%%

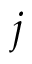Convert formula to latex. <formula><loc_0><loc_0><loc_500><loc_500>j</formula> 
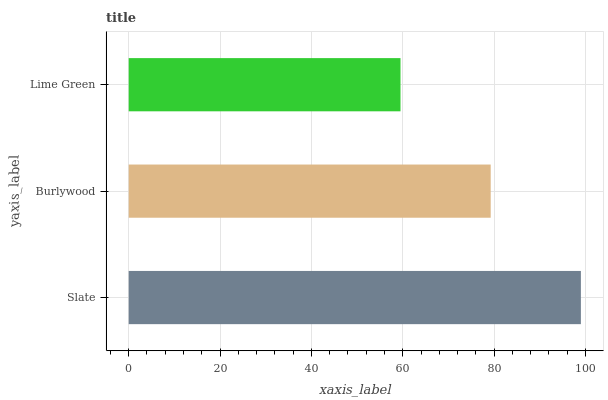Is Lime Green the minimum?
Answer yes or no. Yes. Is Slate the maximum?
Answer yes or no. Yes. Is Burlywood the minimum?
Answer yes or no. No. Is Burlywood the maximum?
Answer yes or no. No. Is Slate greater than Burlywood?
Answer yes or no. Yes. Is Burlywood less than Slate?
Answer yes or no. Yes. Is Burlywood greater than Slate?
Answer yes or no. No. Is Slate less than Burlywood?
Answer yes or no. No. Is Burlywood the high median?
Answer yes or no. Yes. Is Burlywood the low median?
Answer yes or no. Yes. Is Slate the high median?
Answer yes or no. No. Is Lime Green the low median?
Answer yes or no. No. 
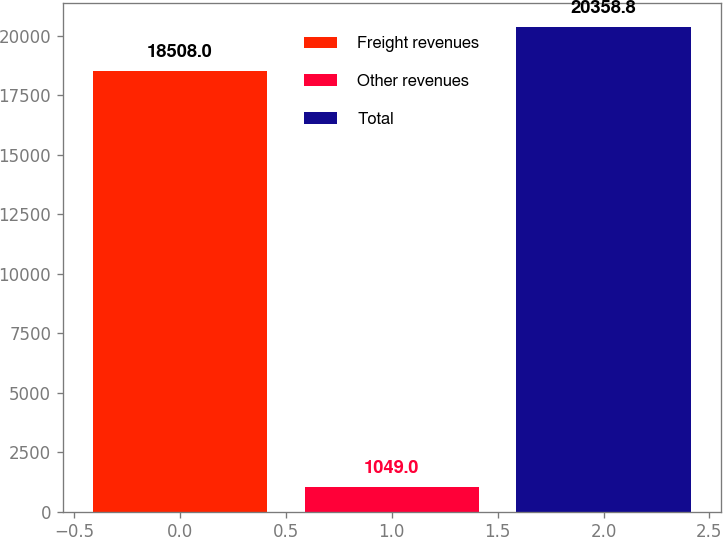Convert chart to OTSL. <chart><loc_0><loc_0><loc_500><loc_500><bar_chart><fcel>Freight revenues<fcel>Other revenues<fcel>Total<nl><fcel>18508<fcel>1049<fcel>20358.8<nl></chart> 
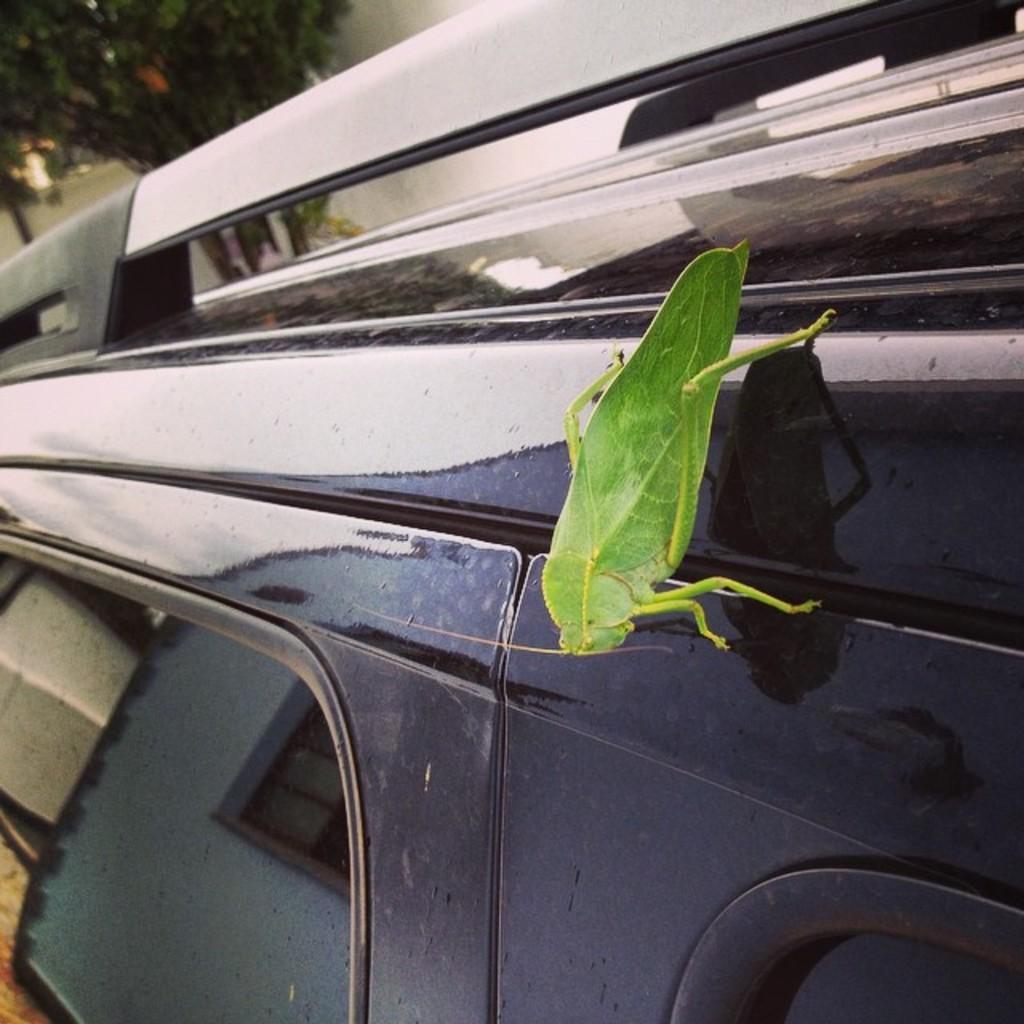How would you summarize this image in a sentence or two? There is one insect on a vehicle as we can see in the middle of this image. We can see a tree in the top left corner of this image.

%%

Exercise – An exact copy of the lines from the one with "Is Lime Green the minimum?" through the end of the entries above, both included, is the whole answer. It contains no pictures.

Answer space –
Is Lime Green the minimum?
Answer yes or no. Yes. Is Slate the maximum?
Answer yes or no. Yes. Is Burlywood the minimum?
Answer yes or no. No. Is Burlywood the maximum?
Answer yes or no. No. Is Slate greater than Burlywood?
Answer yes or no. Yes. Is Burlywood less than Slate?
Answer yes or no. Yes. Is Burlywood greater than Slate?
Answer yes or no. No. Is Slate less than Burlywood?
Answer yes or no. No. Is Burlywood the high median?
Answer yes or no. Yes. Is Burlywood the low median?
Answer yes or no. Yes. Is Slate the high median?
Answer yes or no. No. Is Lime Green the low median?
Answer yes or no. No. 
Convert chart to OTSL. <chart><loc_0><loc_0><loc_500><loc_500><bar_chart><fcel>Freight revenues<fcel>Other revenues<fcel>Total<nl><fcel>18508<fcel>1049<fcel>20358.8<nl></chart> 
How would you summarize this image in a sentence or two? There is one insect on a vehicle as we can see in the middle of this image. We can see a tree in the top left corner of this image.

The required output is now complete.